The Mississippi Development Authority and other state agencies are not federal buyers, but they participate in the federal DBE (Disadvantaged Business Enterprise) program for federally funded transportation projects, which is covered below.
State-level certifications that complement HUBZone
Mississippi does not have a direct state-level equivalent of HUBZone, but two certifications are worth pursuing alongside it.
The Mississippi Unified Certification Program (MUCP), administered through the Mississippi Department of Transportation, certifies Disadvantaged Business Enterprises for federally funded transportation projects under USDOT requirements. If you qualify for HUBZone ownership thresholds (US citizen, small business), you may also qualify for DBE certification. DBE certification opens MDOT contracts, airport improvement projects, and transit procurements that carry federal funding requirements.
The Mississippi Department of Finance and Administration maintains a small and minority business certification for state-funded purchasing contracts. This is separate from federal certification and follows Mississippi procurement rules rather than SBA rules.
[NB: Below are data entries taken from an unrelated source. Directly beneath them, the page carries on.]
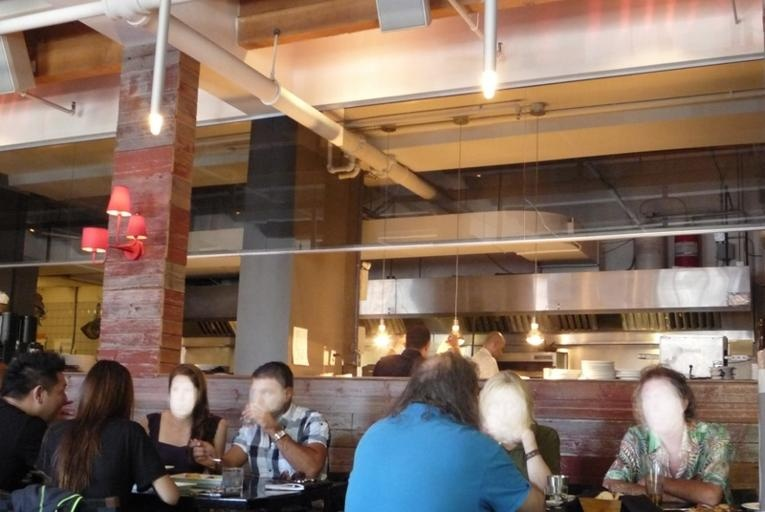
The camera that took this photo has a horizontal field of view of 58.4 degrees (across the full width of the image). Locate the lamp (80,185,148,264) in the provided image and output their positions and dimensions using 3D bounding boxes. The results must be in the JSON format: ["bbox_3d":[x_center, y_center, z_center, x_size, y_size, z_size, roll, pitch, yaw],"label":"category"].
[{"bbox_3d":[-2.116,-0.264,5.460,0.672,0.593,0.329,-8,-18,24],"label":"lamp"}]

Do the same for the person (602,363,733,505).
[{"bbox_3d":[1.588,1.017,3.797,0.563,0.728,0.631,32,-36,-27],"label":"person"}]

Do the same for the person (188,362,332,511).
[{"bbox_3d":[-0.690,1.259,4.147,0.785,1.122,0.623,-2,-1,20],"label":"person"}]

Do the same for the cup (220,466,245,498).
[{"bbox_3d":[-0.754,1.187,3.581,0.128,0.131,0.131,1,-24,1],"label":"cup"}]

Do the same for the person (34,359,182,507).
[{"bbox_3d":[-1.440,0.950,3.591,0.723,0.858,0.528,4,12,1],"label":"person"}]

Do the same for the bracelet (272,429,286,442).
[{"bbox_3d":[-0.601,1.039,3.938,0.058,0.057,0.016,25,-40,32],"label":"bracelet"}]

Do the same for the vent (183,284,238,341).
[{"bbox_3d":[-2.473,0.819,10.190,1.075,0.863,0.363,-1,18,12],"label":"vent"}]

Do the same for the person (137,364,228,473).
[{"bbox_3d":[-1.256,1.049,4.319,0.684,0.825,0.515,-3,-21,-12],"label":"person"}]

It does not require HUBZone geography.
If you are also a minority-owned or women-owned business, pursue NMSDC MBE or WBENC WBE certification in parallel. Corporate supplier diversity programs frequently source from certified MBE/WBE firms, which gives you a private-sector pipeline alongside your federal contracting strategy.
Timeline and what to expect
From first gathering documents to receiving your HUBZone certificate, budget three to four months if your documentation is clean. Add another month if you need to fix SAM.gov registration issues or chase down employee address verification.
After certification, you must recertify annually. The SBA will send a reminder, but the burden is on you to submit before the expiration date. Missing recertification means losing the certification mid-year, which can disqualify you from contracts in progress.
Start with the SBA HUBZone map, confirm your office address and your employees' home addresses qualify, then schedule a call with the Mississippi APEX Accelerator before you fill out a single form. The pre-application review they provide takes an hour and can save you months of back-and-forth with the SBA.